Comment sélectionner le système ignifuge sans halogène adapté à votre application

Avec une gamme aussi diversifiée de produits chimiques ignifuges sans halogène disponibles, un processus de sélection systématique est plus fiable que de s'appuyer sur une seule recommandation ou de choisir par défaut l'option la plus familière. L'examen des questions clés suivantes fournit un cadre structuré permettant de préciser le système approprié pour toute application spécifique.

  • Dans quelle matrice polymère le retardateur de flamme est-il incorporé ? La compatibilité chimique entre le retardateur de flamme et le polymère hôte est le premier filtre. Les phosphinates fonctionnent bien dans les polyamides et les polyesters ; ATH et MDH conviennent aux polyoléfines et à l'EVA ; les dérivés de mélamine sont préférés pour les polyamides et polyuréthanes non chargés ; les systèmes intumescents sont largement applicables mais particulièrement efficaces dans les polyoléfines et les revêtements.
  • À quelle classification ou norme d’inflammabilité le matériau fini doit-il répondre ? Le niveau de performance au feu cible – classement UL 94, valeur LOI, performances du calorimètre à cône ou norme de câble spécifique – définit le seuil d'efficacité minimum que le système ignifuge doit atteindre et influence directement le niveau de charge requis et le potentiel d'une chimie donnée à le fournir dans votre polymère.
  • À quelles températures de traitement le composé est-il soumis ? La température de mélange, la température de moulage par injection et la température d'extrusion imposent toutes des exigences de stabilité thermique au retardateur de flamme. Confirmez que le retardateur de flamme sélectionné est thermiquement stable pendant toute la fenêtre de traitement avant de procéder aux essais de composés.

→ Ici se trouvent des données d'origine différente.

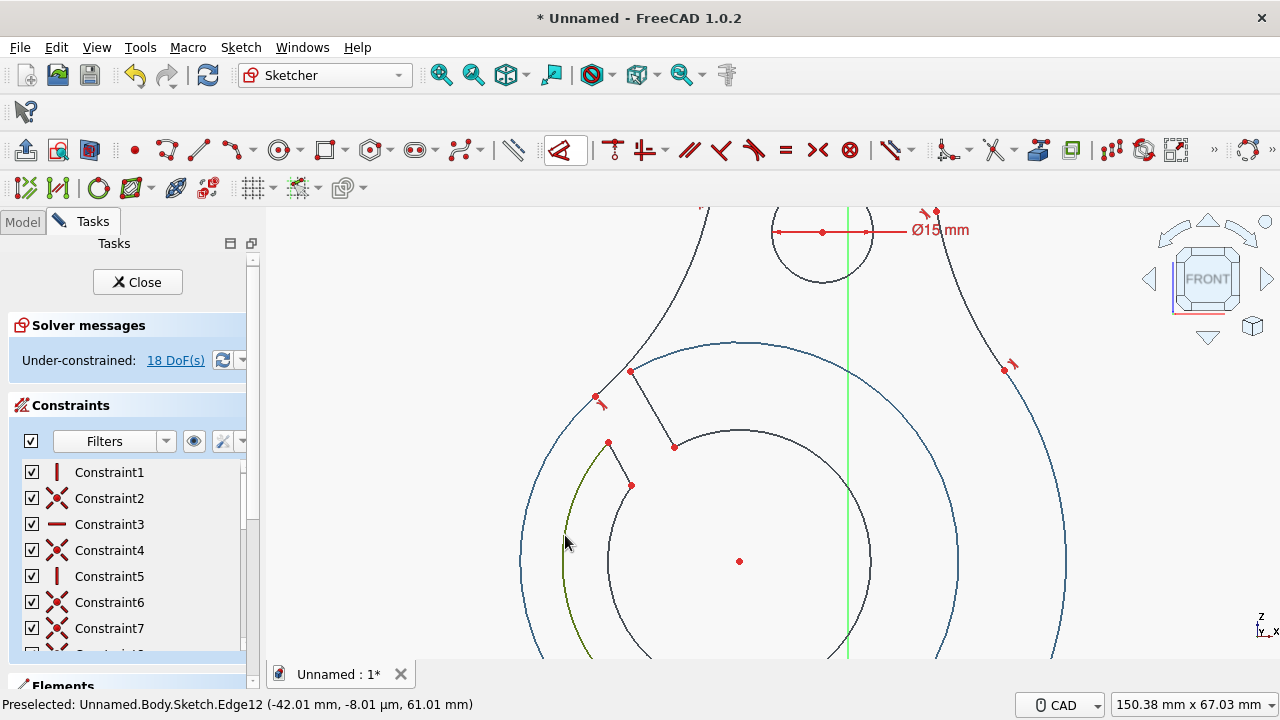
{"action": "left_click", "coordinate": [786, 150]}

  • Quelles propriétés mécaniques le composé fini doit-il conserver ? Si la résistance à la traction, l'allongement, la résistance aux chocs ou la flexibilité sont critiques, les systèmes à base de minéraux soumis à des charges élevées peuvent être disqualifiants. Les systèmes efficaces au phosphore organique ou à l'azote-phosphore qui atteignent un caractère ignifuge adéquat à des charges inférieures (10 à 25 %) préserveront mieux les propriétés mécaniques et devraient être prioritaires pour les applications mécaniquement exigeantes.

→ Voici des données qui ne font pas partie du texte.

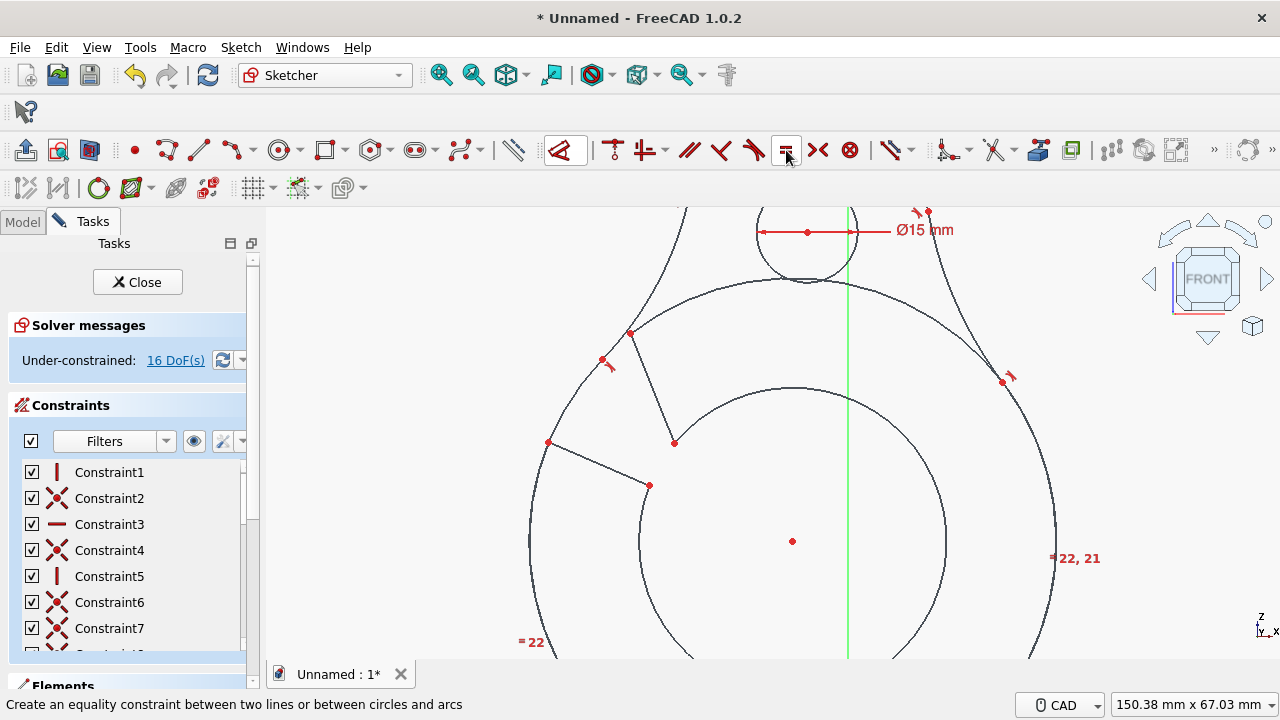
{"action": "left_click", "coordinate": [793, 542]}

  • Existe-t-il des exigences de conformité réglementaires spécifiques au-delà des performances d'inflammabilité ? Si le produit doit être conforme aux restrictions RoHS, REACH SVHC, aux réglementations relatives au contact alimentaire ou aux certifications spécifiques du marché, vérifiez que le système ignifuge proposé est conforme à toutes les réglementations applicables en matière de substances chimiques dans les marchés cibles avant de finaliser la formulation.